■ Task objective: The lines to copy run from the one containing "Numbers: x, y, z, sx, sy, sz, roll, pitch, yaw. Meters" through the last line of the listing; copy them exactly and nothing more.

■ Supplied entries:
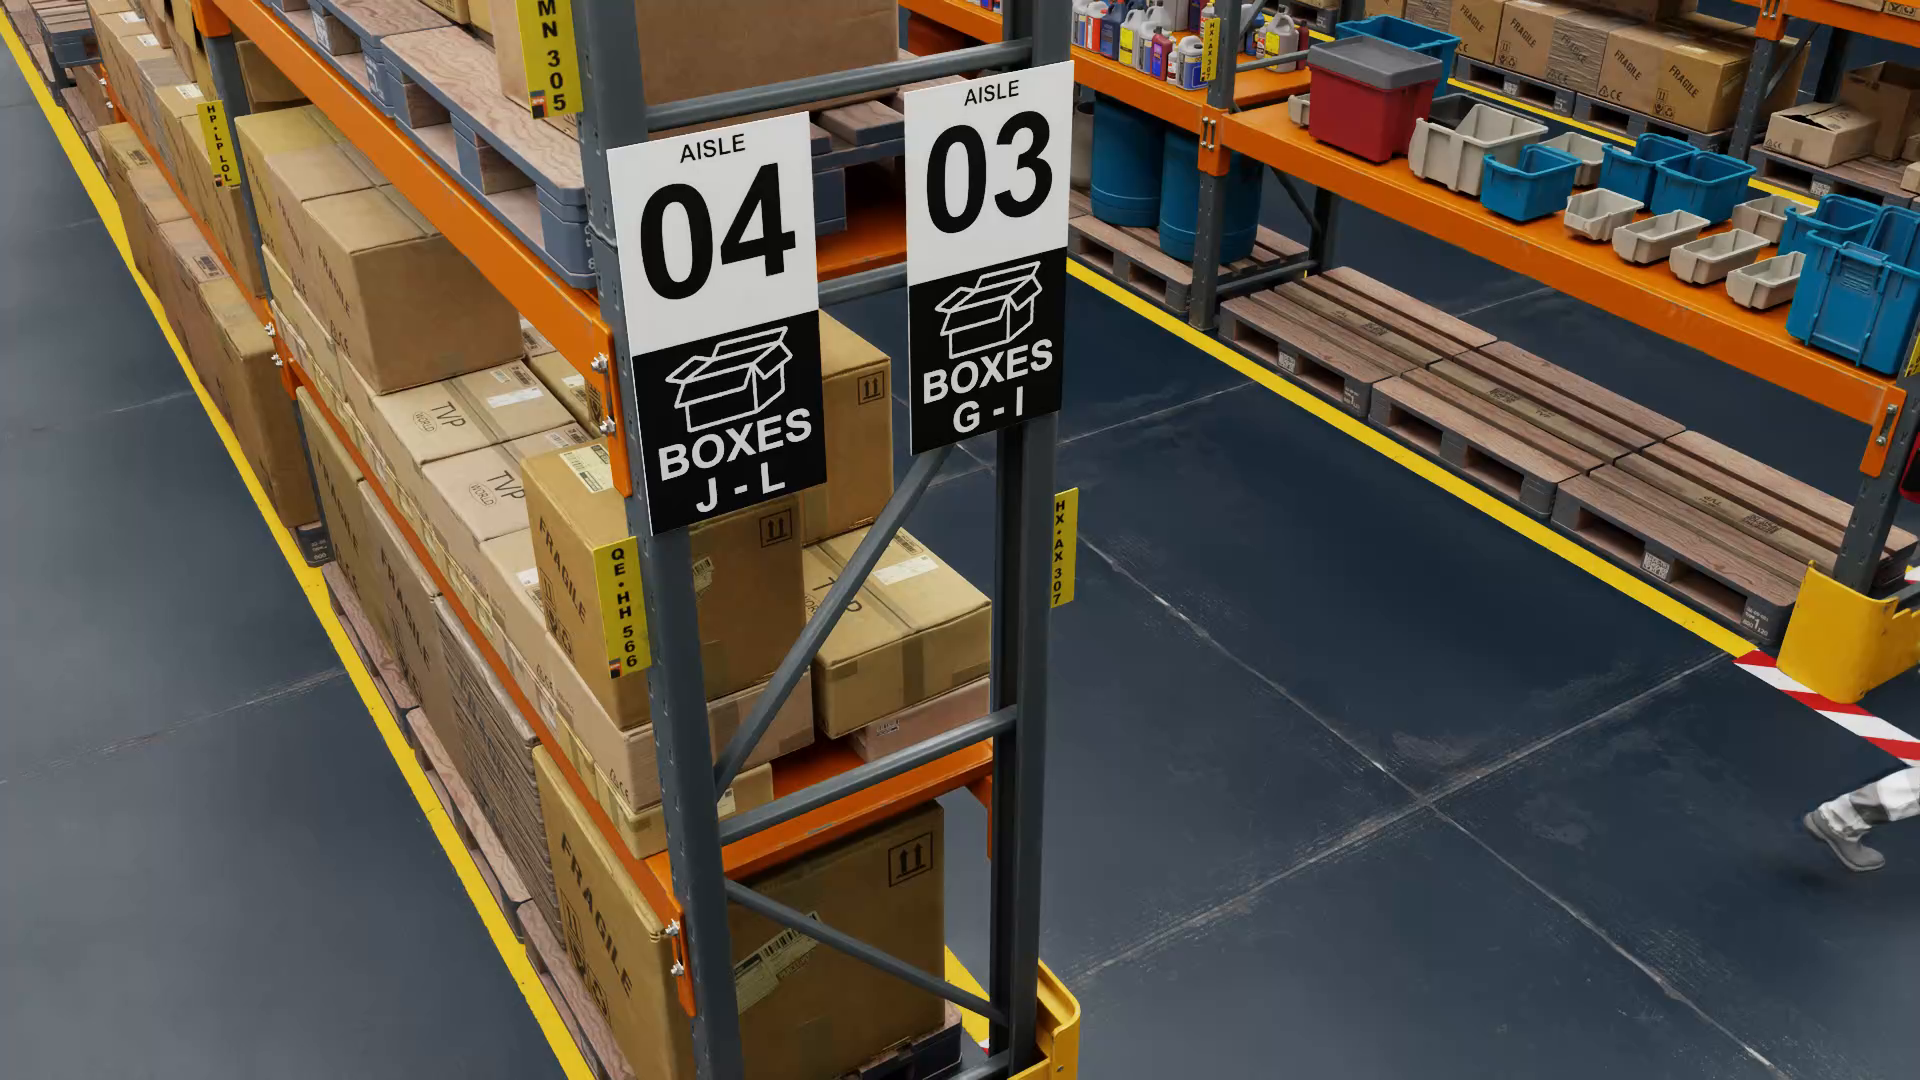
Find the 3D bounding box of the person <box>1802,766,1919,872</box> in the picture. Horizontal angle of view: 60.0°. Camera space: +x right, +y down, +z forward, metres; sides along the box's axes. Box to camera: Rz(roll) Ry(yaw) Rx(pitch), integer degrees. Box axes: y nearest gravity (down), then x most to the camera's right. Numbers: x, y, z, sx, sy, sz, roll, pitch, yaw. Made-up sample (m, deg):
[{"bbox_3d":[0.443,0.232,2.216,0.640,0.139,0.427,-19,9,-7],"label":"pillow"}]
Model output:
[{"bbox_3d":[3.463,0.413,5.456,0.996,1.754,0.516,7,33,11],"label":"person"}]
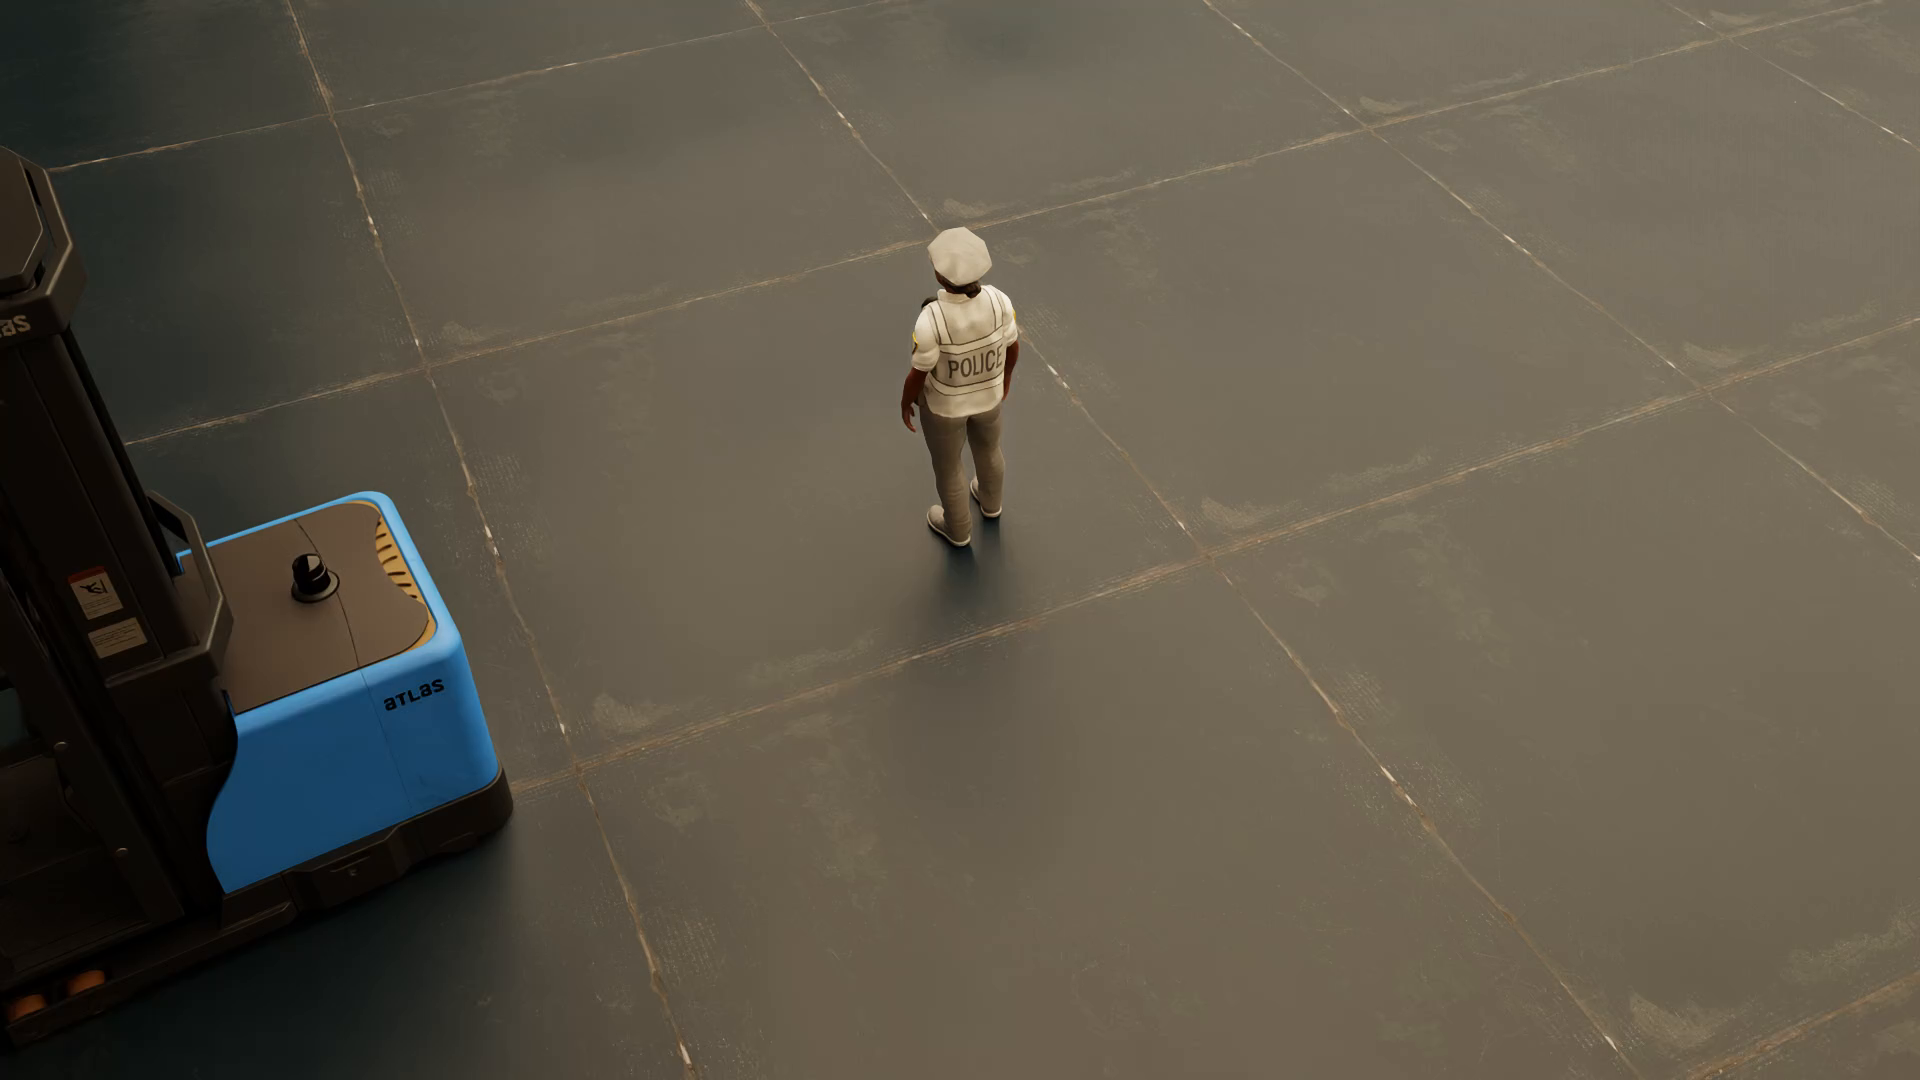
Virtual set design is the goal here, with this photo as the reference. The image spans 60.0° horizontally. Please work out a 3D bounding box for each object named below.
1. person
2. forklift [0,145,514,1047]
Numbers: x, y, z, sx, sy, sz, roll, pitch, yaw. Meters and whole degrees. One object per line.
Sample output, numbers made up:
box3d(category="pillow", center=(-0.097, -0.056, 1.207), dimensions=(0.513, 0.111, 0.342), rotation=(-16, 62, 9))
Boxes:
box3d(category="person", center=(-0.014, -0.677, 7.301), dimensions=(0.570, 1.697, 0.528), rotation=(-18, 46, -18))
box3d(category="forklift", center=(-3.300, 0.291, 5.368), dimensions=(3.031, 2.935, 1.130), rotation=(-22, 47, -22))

■ Result of this task:
Numbers: x, y, z, sx, sy, sz, roll, pitch, yaw. Meters and whole degrees. One object per line.
Sample output, numbers made up:
box3d(category="pillow", center=(-0.097, -0.056, 1.207), dimensions=(0.513, 0.111, 0.342), rotation=(-16, 62, 9))
Boxes:
box3d(category="person", center=(-0.014, -0.677, 7.301), dimensions=(0.570, 1.697, 0.528), rotation=(-18, 46, -18))
box3d(category="forklift", center=(-3.300, 0.291, 5.368), dimensions=(3.031, 2.935, 1.130), rotation=(-22, 47, -22))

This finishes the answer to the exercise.